El monto es brutal, pero dicen los tecnócratas del morenovallismo perfectamente asumible dado el tamaño de las transferencias financieras de la Federación. En los tecnicismos de los economistas, la capacidad crediticia de Puebla no se verá afectada en los reportes de las calificadoras internacionales como Fitch Raitings y Standard & Poors. Incluso, para el nuevo crédito de los 8 mil millones de pesos que será aprobado por el pleno del Congreso en una sesión extraordinaria, el gobernador Moreno Valle se niega a utilizar el término deuda: dice que únicamente es un “adelanto” del 25 por ciento de las participaciones federales a los municipios para que los ejerzan en su primer año de gobierno en proyectos de alto impacto. Que no es “deuda” porque el “adelanto” deberá ser liquidado antes de que termine su periodo, y para ello se constituirá un fideicomiso que garantice el pago oportuno y la administración del dinero “adelantado”.

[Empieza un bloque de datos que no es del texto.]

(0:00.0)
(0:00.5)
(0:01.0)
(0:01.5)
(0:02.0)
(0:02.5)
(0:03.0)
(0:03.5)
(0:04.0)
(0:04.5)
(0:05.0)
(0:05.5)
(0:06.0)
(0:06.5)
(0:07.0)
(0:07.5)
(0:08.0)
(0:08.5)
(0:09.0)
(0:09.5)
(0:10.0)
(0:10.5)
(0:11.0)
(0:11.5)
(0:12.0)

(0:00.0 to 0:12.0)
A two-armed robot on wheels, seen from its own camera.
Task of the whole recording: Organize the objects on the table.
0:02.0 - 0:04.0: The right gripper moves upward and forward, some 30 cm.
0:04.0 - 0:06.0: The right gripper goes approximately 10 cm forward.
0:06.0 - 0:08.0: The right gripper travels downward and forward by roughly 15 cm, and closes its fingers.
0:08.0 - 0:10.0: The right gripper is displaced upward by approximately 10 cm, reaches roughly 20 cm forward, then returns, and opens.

Por supuesto que se trata de un eufemismo que busca evadir la realidad: ¿o cuando el banco te “adelanta” tres meses de tu nómina bancaria no hablamos de un crédito? Pues claro: tengo la impresión de que Moreno Valle sabe de la necesidad del dinero prestado para impulsar los proyectos de alto impacto, pero busca maquillarlo ante la sociedad atento al viejo apotegma de Melquiades Morales, “gobernador endeudado es gobernador devaluado”, una frase que el oriundo de Serdán siempre esgrimía cada vez que de Finanzas salía la ocurrencia de pedir crédito para financiar supuestamente el desarrollo.

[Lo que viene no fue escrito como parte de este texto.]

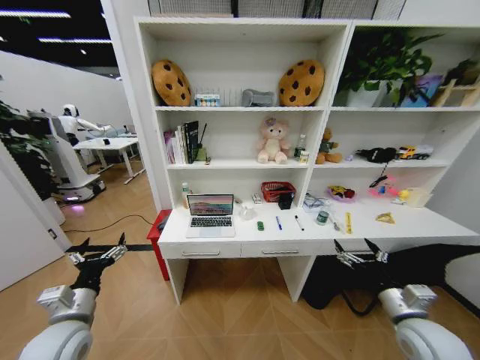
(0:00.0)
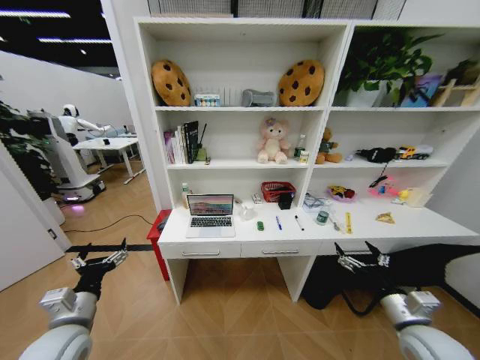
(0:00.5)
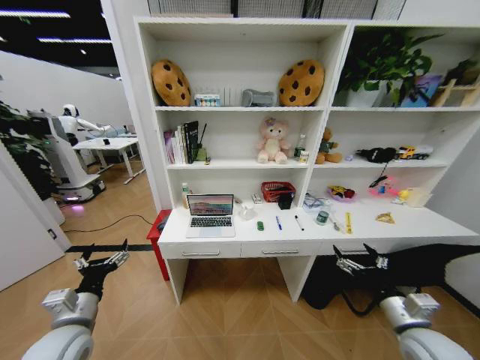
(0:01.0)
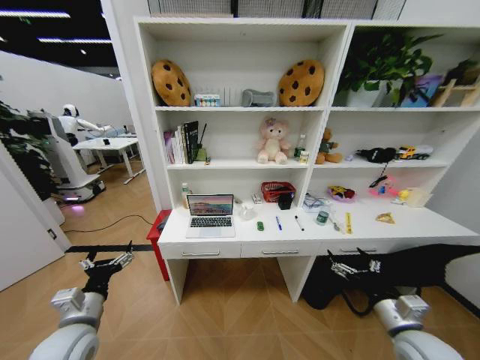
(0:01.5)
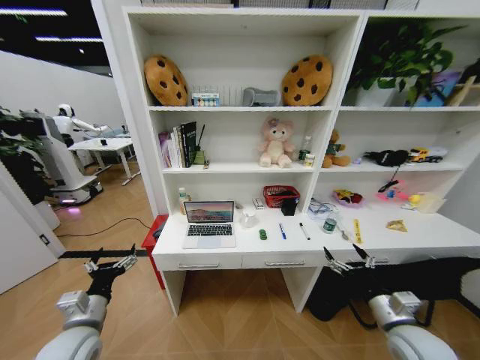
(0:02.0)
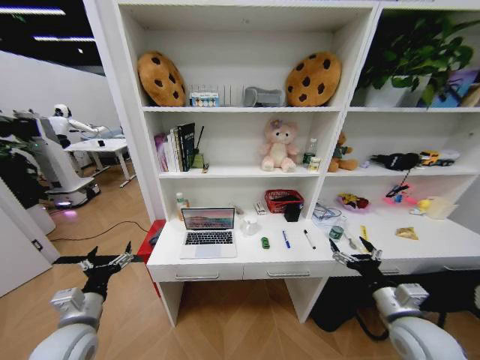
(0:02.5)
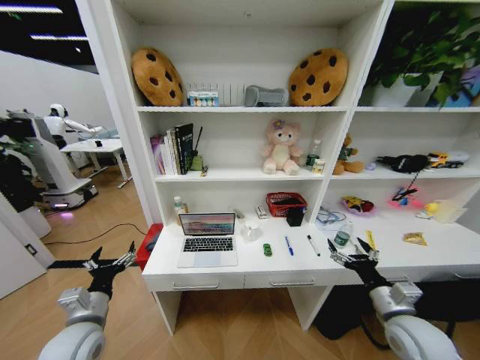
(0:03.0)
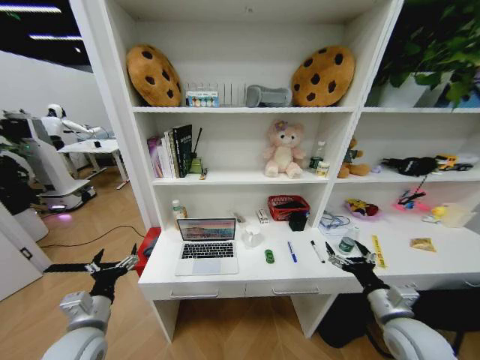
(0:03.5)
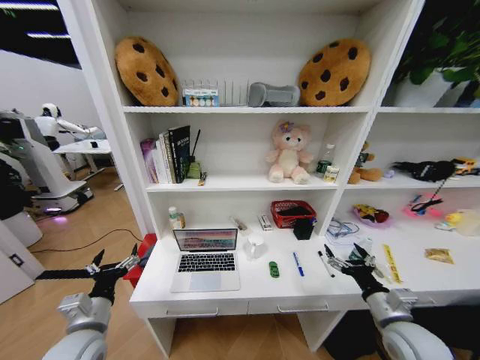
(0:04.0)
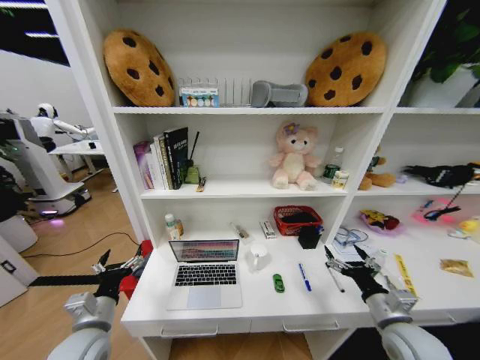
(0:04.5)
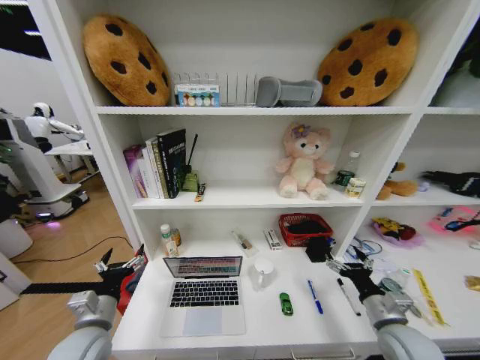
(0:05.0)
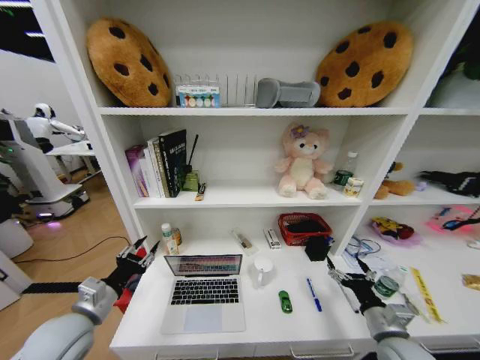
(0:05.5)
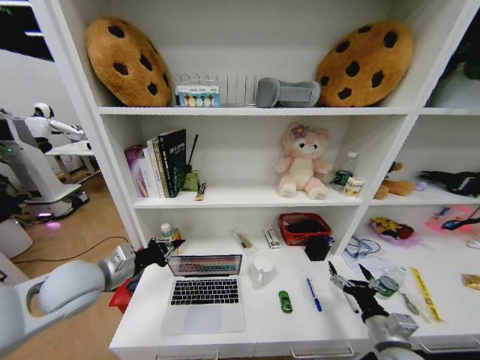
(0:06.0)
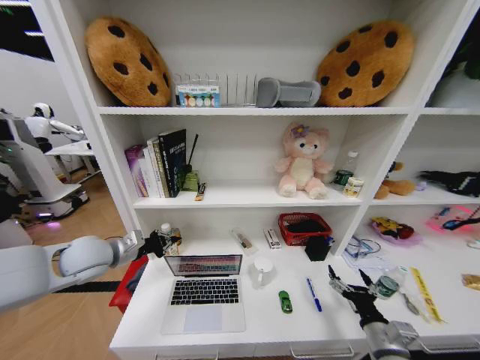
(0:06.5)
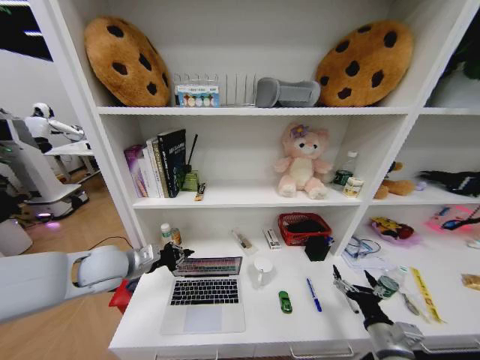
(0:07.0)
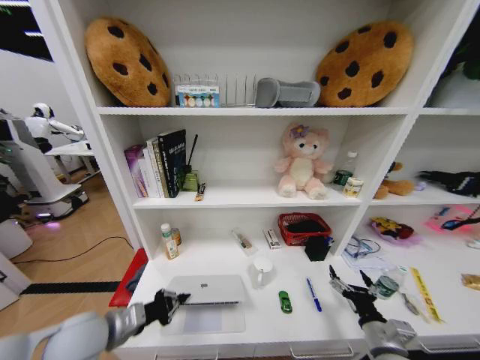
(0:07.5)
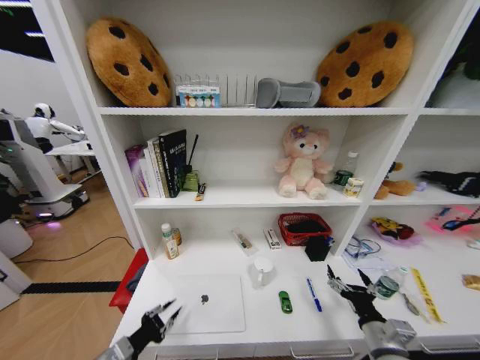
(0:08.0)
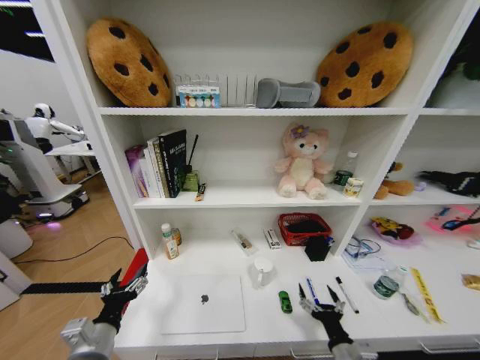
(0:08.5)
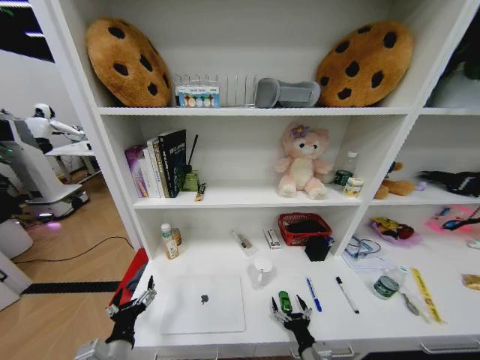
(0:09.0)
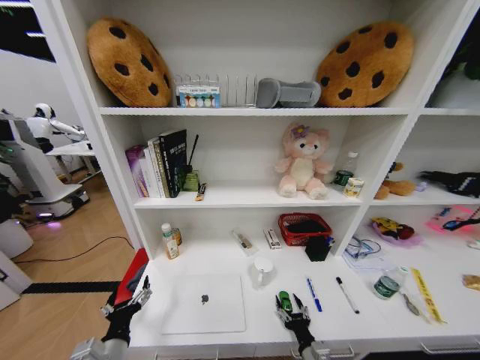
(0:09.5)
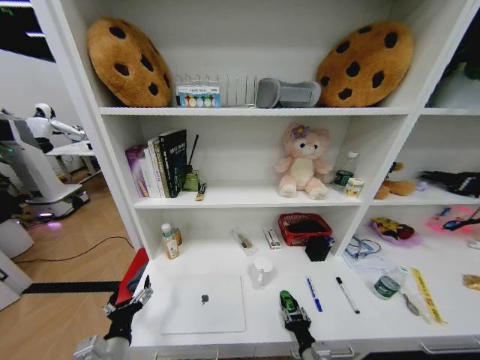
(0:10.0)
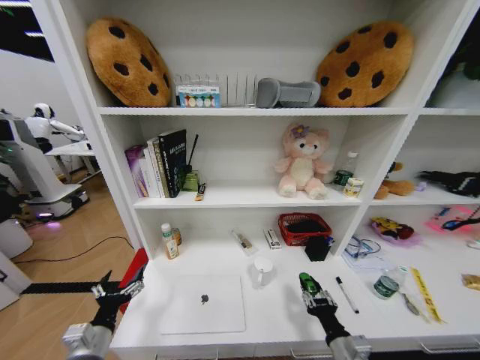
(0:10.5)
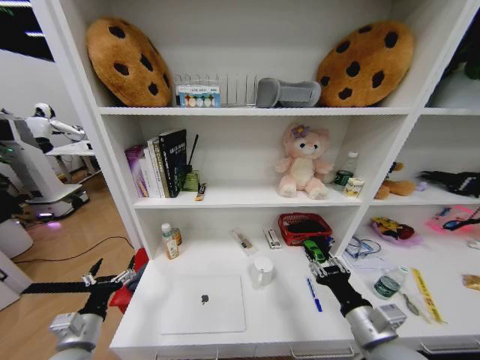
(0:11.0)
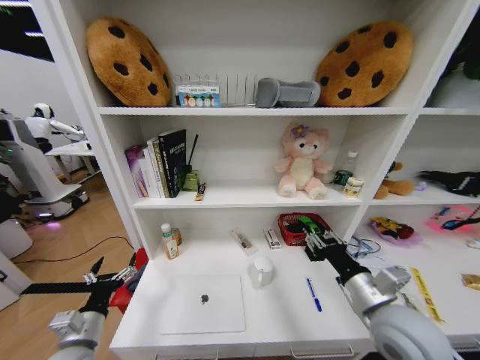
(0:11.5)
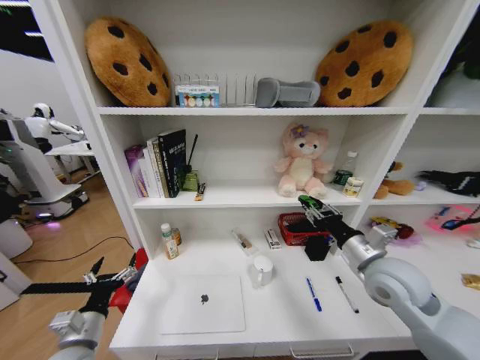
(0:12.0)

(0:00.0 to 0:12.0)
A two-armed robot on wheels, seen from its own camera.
Task of the whole recording: Organize the objects on the table.
0:04.0 - 0:06.0: The right gripper shifts by approximately 5 cm. Meanwhile the left gripper is displaced upward and forward by approximately 15 cm, and closes.
0:06.0 - 0:08.0: The left gripper is displaced downward and backward by about 20 cm.
0:08.0 - 0:10.0: The left gripper moves roughly 5 cm, and opens up; the right gripper heads to the left and downward, covering some 15 cm, and closes its fingers.
0:10.0 - 0:12.0: The right gripper goes some 35 cm upward and forward. Meanwhile the left gripper travels to the left by roughly 10 cm.

Todos los partidos, unánimemente, aprobaron la solicitud de deuda por casi 8 mil millones de pesos. No debe ser tan mala idea entonces. Desconcierta, sin embargo, que todos recurran al mismo argumento: el crédito es una palanca para financiar el desarrollo. Yo diría que algunas veces sí, y otras no. Lo es cuando el dinero se utiliza en fines correctos, una experiencia inédita en la historia nacional. López Portillo endeudó al país cuando sentía que estaba llamado a administrar la riqueza petrolera. En tiempos de Zedillo se avalaron más de 90 mil millones de dólares para rescatar a los bancos tras el desastre del Fobaproa, pero más tarde nos enteramos que costeamos las empresas quebradas de los privilegiados. Todavía seguimos pagando. Y qué decir de Mario Marín, quien nos endosó poco más de 6 mil millones de pesos que nadie sabe todavía en qué fueron ocupados. Y en ese momento, el oficialismo en turno avaló las peticiones de deuda. Después vino el arrepentimiento. Pero su momento, todos aplaudieron como focas.


Los créditos, por sí mismos, no generan desarrollo. Pueden ser una palanca para impulsar una empresa o una sociedad, pero también para quebrarla. Marín dilapidó el dinero en obras inútiles y caras, así como en pagar sueldos que trabajan para el proyecto transexenal encarnado en Javier López Zavala. El dinero se evaporó. 20 mil millones de pesos parece ya una cantidad peligrosa de manejar, pese a los 55 mil que recibe fijos la entidad. Lo más preocupante es que nunca, nadie, explicó en qué se gastará la tremenda millonada aprobada por el Congreso de 8 mil millones de pesos. Muchísimo dinero para que luego estemos chillando como con López Portillo, Zedillo o Mario Marín.